I told her it was better that day, and she looked relieved, but we decided for me to see their pulmonary specialists right away, and have me go for a CT scan.  So we set up appointments, but the first new appointment with their pulmonary team wasn't for a couple of weeks.  Dr. T's team was going to work on moving that up.

I almost felt like I was cheating on my pulmonary doctor, who has always been so good to me.  But I knew that if I would have called him and said my lungs wouldn't clear, he would have prescribed more prednisone, and my body just can't do that anymore.  Just can't.

Then another strange, good thing happened.  I woke up the next day, and my lungs were even clearer than the day before.  And I am so happy to say...so, so happy to say...this has gone on every day since...and with so much gratitude and relief, I can say yesterday was the first day, in a year and a half (except for those precious three weeks in February) that I woke up not coughing.  And today was the second day that I woke up, not coughing.  I can't begin to explain the peace I am experiencing without all that noise in my head, the calm without my body jerking all over, the settling of my stomach as the coughing would upset my stomach, making it hard for me to eat...I can't begin to explain how this feels.  I can take a full breath without coughing.  I can do Ujai breath for the first time since all this started.  It feels like a miracle, and my eyes are filled with tears of gratitude for this precious gift.

When I spoke to my nurse to tell her this good news, she was so relieved.  She confided in me that she and Dr.
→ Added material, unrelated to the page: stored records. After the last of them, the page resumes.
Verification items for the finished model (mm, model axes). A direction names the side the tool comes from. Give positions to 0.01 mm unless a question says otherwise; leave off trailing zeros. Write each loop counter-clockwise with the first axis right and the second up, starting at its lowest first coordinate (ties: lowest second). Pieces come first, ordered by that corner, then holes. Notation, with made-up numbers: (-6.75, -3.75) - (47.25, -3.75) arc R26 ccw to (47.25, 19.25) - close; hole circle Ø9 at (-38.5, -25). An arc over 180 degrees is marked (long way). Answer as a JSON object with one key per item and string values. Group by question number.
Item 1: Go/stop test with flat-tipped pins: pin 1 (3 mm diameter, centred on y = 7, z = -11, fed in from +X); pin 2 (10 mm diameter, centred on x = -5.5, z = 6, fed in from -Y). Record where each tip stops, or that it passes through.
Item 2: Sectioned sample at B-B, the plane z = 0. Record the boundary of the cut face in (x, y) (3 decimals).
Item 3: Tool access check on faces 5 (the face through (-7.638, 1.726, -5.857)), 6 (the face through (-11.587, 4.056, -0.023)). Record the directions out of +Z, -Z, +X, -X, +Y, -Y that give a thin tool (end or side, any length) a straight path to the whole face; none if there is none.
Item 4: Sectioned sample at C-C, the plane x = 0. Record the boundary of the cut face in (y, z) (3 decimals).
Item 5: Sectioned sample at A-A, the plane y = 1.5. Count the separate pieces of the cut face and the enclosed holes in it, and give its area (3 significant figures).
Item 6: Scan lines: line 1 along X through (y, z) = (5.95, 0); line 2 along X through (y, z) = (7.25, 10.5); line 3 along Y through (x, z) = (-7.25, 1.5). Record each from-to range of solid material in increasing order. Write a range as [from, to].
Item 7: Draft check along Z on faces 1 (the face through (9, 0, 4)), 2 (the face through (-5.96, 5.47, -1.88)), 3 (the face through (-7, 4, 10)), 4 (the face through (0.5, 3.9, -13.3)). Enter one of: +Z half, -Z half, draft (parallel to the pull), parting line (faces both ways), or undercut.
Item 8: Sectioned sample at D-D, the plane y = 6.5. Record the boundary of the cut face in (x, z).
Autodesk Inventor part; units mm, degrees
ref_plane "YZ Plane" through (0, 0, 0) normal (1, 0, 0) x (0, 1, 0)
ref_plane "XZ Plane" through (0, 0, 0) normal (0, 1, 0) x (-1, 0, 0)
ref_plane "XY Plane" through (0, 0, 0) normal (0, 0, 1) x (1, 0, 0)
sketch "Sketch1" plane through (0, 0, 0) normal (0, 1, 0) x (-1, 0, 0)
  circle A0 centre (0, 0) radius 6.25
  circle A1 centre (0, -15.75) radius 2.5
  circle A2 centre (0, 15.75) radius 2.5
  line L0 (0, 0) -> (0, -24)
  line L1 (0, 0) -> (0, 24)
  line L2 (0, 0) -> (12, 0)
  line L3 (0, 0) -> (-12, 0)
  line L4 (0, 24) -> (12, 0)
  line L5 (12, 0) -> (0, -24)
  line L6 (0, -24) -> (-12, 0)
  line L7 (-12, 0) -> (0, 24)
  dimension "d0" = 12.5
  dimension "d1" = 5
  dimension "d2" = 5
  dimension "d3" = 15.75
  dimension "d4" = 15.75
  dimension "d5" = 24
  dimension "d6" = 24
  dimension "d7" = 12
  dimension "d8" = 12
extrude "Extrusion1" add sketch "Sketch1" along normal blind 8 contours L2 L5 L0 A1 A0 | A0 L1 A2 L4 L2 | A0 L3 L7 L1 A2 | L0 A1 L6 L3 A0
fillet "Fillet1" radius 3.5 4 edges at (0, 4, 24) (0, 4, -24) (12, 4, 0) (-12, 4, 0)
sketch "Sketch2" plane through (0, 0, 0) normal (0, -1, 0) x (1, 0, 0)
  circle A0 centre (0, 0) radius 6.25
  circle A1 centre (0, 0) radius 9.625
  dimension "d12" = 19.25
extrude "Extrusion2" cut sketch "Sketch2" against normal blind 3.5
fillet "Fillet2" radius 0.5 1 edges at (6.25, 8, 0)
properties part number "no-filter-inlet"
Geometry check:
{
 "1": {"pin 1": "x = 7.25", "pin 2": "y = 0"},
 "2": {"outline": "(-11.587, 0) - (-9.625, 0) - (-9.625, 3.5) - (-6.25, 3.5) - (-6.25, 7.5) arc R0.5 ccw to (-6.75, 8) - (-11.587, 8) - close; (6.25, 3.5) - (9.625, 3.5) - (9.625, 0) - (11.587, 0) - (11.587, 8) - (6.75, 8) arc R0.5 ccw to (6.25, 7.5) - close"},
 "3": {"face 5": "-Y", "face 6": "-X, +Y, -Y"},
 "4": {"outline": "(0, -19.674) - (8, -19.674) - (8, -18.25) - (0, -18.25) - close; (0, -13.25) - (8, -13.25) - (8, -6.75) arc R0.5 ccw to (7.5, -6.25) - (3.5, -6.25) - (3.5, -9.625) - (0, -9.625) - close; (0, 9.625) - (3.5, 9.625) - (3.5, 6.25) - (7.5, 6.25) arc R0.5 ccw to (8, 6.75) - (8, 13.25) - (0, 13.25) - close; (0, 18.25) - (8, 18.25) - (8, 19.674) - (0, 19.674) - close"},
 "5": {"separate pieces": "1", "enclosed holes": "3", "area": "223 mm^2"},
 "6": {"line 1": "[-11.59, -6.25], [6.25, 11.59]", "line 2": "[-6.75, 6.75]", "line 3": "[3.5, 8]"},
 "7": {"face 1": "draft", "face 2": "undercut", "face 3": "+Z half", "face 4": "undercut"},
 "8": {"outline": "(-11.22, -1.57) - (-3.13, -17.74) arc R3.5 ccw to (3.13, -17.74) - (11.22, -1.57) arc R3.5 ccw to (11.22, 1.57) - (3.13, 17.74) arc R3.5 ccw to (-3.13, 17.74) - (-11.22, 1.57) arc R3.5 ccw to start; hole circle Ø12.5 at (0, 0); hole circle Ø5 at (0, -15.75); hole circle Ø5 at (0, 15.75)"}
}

T were very concerned about me, and very nervous before my appointment that day.  She asked me if I had any thoughts as to why things happened this way.  The only thing I can think of was, that my lungs had barely healed from the Arimidex when I had those three weeks of no coughing months ago, and then I caught those bugs...too much for my already damaged lungs to handle...it was just taking them a really long time to heal again, to recover in that extra sensitive state.  I think that really bad day may have been my lungs pushing through a final clearing.  But we'll really never know, and it really doesn't matter, because all I know is...I'm not coughing.

So, even though I am very weak (all my body wants to do is sleep, it's been working so hard to heal), and I know it's going to take a long, long time and lots and lots of hard work to get my strength back...I see amazing possibilites in my future...being on my yoga mat, getting to class, making malas, traveling to see my family and my Guru...and I want to thank all of you for your love and support through all this, coming from all over the country and as far away as Australia (God bless you Lesley), you made the darkest days brighter and my heart swell with the love and healing light being sent my way.  And other beautiful, powerful energies that have been surrounding me.  Namaste, Jai Bhagwan, many, many blessings...and lots and lots of love to all of you.  My lungs are clear, I am not coughing, and I can really, really, breathe.